We were drinking our beer flavoured milkshakes, chatting and waiting for the food when I noticed a bloke crossing the street with food, under covers, on a tray. He walked to the restaurant, a couple of the wait staff appeared, took the food and put it in front of diners. And then it happened again a minute or two later.

It seems the kitchen was somewhere across the road.

Now if we’d been in a seaside town and he’d carried plates across from the main part of a restaurant to some tables that they’d setup on the sand, I wouldn’t have even blinked. But this was in the middle of Bangkok, on a 4 lane road jammed with traffic in both directions. We made a few jokes about food being run over, but when it arrived was very good, and had no obvious carbon monoxide aftertaste.
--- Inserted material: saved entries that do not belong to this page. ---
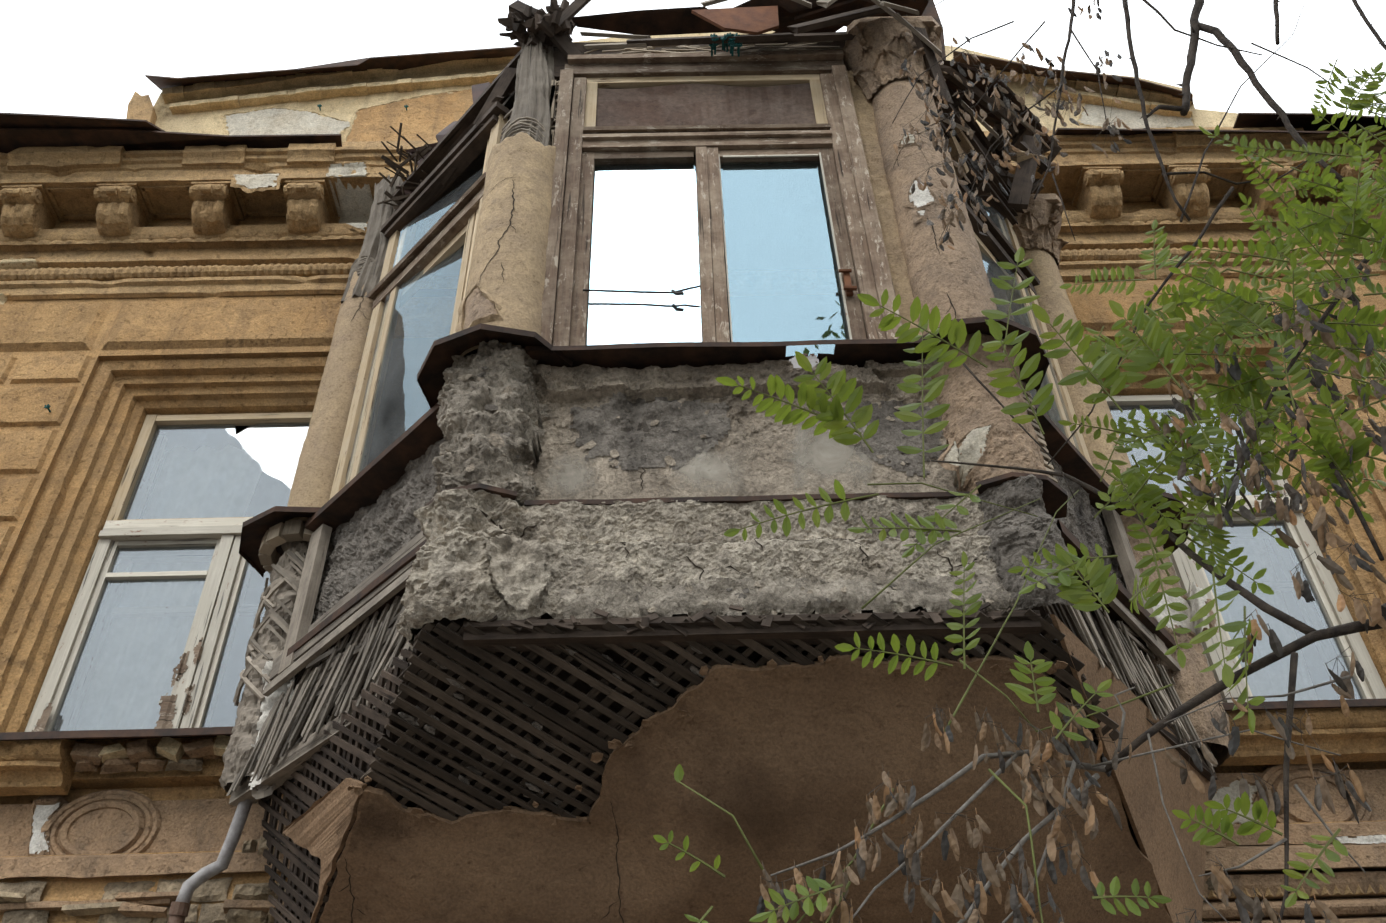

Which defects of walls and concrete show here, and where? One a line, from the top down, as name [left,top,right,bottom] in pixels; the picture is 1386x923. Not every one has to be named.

peeling [221,88,473,142]
peeling [230,171,285,193]
peeling [326,160,373,234]
spalling [902,174,941,224]
crack [480,177,516,284]
peeling [154,637,203,729]
spalling [347,648,1079,829]
spalling [24,795,69,856]
spalling [242,836,291,855]
spalling [1209,775,1264,825]
spalling [0,877,296,923]
crack [339,859,365,923]

Dinner and a few milkshakes done, next up was shopping.

T-shirts for the kids. Check.
Copy bag. Couldn’t find one she liked.

Then I started looking at copy watches. As a fairly full time #watchnerd, I’m always interested to see what garbage people buy (and they wouldn’t be selling them if people weren’t buying). Horrible Rolexes seemed to be the biggest seller, closely followed by painful Omegas and nasty looking Panerais.

I stopped to chat with a few of the stall holders, and it seems what’s on display are the C grade versions, while the A & Bs are kept under the table (no, I don’t know why). And if you line the three versions of the same model up, you can see the differences, although even the A’s still have a slightly off look about them, eg: the otherwise excellent looking Deep Sea’s date wheel was off centre.

What I did like was the odd model variants: colours, dial & hands variations that have never appeared in the real catalogue.

Did they really recognise that the GMT II I was wearing was real? Or were they just pulling my chain? I’ll never know, but I did have one stall holder offer me an entire tray of dodgy Rolexs in exchange for mine.

A fun night out!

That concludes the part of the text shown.